Los astrónomos observaron el planeta cuando cruzó delante de su estrella. Entonces, parte de la luz estelar atravesó su atmósfera antes de llegar hasta nosotros.

Los gases presentes dejan huellas distintas en esa luz. Al separar las longitudes de onda, los investigadores pueden reconocer moléculas y estimar condiciones locales.

La novedad fue no tratar toda la atmósfera como una mezcla. Durante el tránsito, el planeta gira unos treinta grados y muestra franjas atmosféricas diferentes.

El lado del atardecer absorbió más luz infrarroja que el amanecer. Eso indica que es más caliente y que su atmósfera ocupa mayor volumen.

La explicación más probable son vientos extremadamente rápidos. Arrastran calor desde la cara iluminada hacia la zona nocturna y calientan primero la franja del atardecer.

Cuando un gas se calienta, se expande. Por eso esa parte parece ligeramente más grande durante el tránsito y bloquea una fracción adicional de luz.

El instrumento NIRSpec también registró una señal más fuerte de monóxido de carbono hacia el final del tránsito. No significa que haya más gas allí.
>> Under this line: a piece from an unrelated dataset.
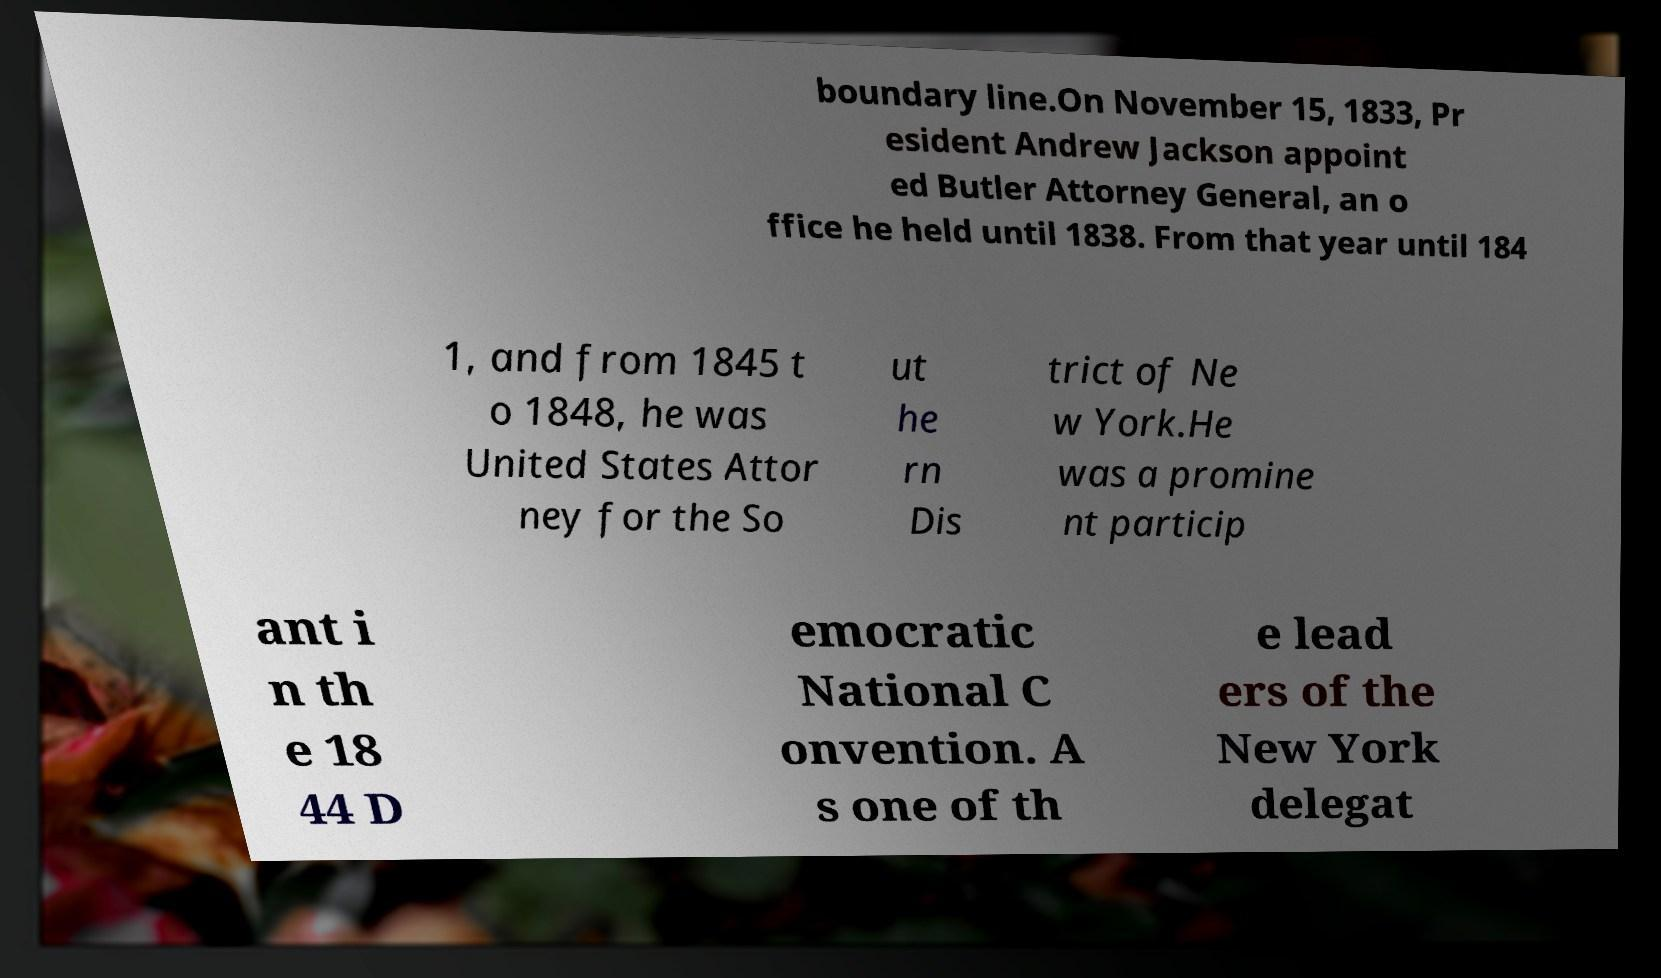Could you assist in decoding the text presented in this image and type it out clearly? boundary line.On November 15, 1833, Pr esident Andrew Jackson appoint ed Butler Attorney General, an o ffice he held until 1838. From that year until 184 1, and from 1845 t o 1848, he was United States Attor ney for the So ut he rn Dis trict of Ne w York.He was a promine nt particip ant i n th e 18 44 D emocratic National C onvention. A s one of th e lead ers of the New York delegat

Los investigadores creen que el cambio aparece porque la temperatura modifica cómo se comporta la señal del monóxido de carbono. El calor altera la lectura espectroscópica.

El agua mostró algo diferente. Sus señales disminuyeron de forma compatible con una reducción real de moléculas, porque el calor puede romperlas en partes más simples.

Los modelos reprodujeron parte de la diferencia térmica, pero no toda. Por eso el equipo sospecha que existirían nubes de minerales en el amanecer planetario.

No serían nubes de agua como las terrestres. Podrían contener silicatos, materiales parecidos a rocas, capaces de bloquear radiación infrarroja procedente de capas profundas.

Estas nubes harían que el lado matinal parezca más frío de lo esperado. Aun así, todavía faltan modelos mejores para confirmar que realmente estén allí.

Este método permite estudiar atmósferas lejanas con más detalle. En vez de obtener un promedio global, compara regiones distintas y sigue cambios según la longitud planetaria.

Los investigadores ya identificaron otros gigantes ultracalientes que podrían examinarse así. Compararlos ayudará a entender cómo circula el calor en atmósferas sometidas a condiciones extremas.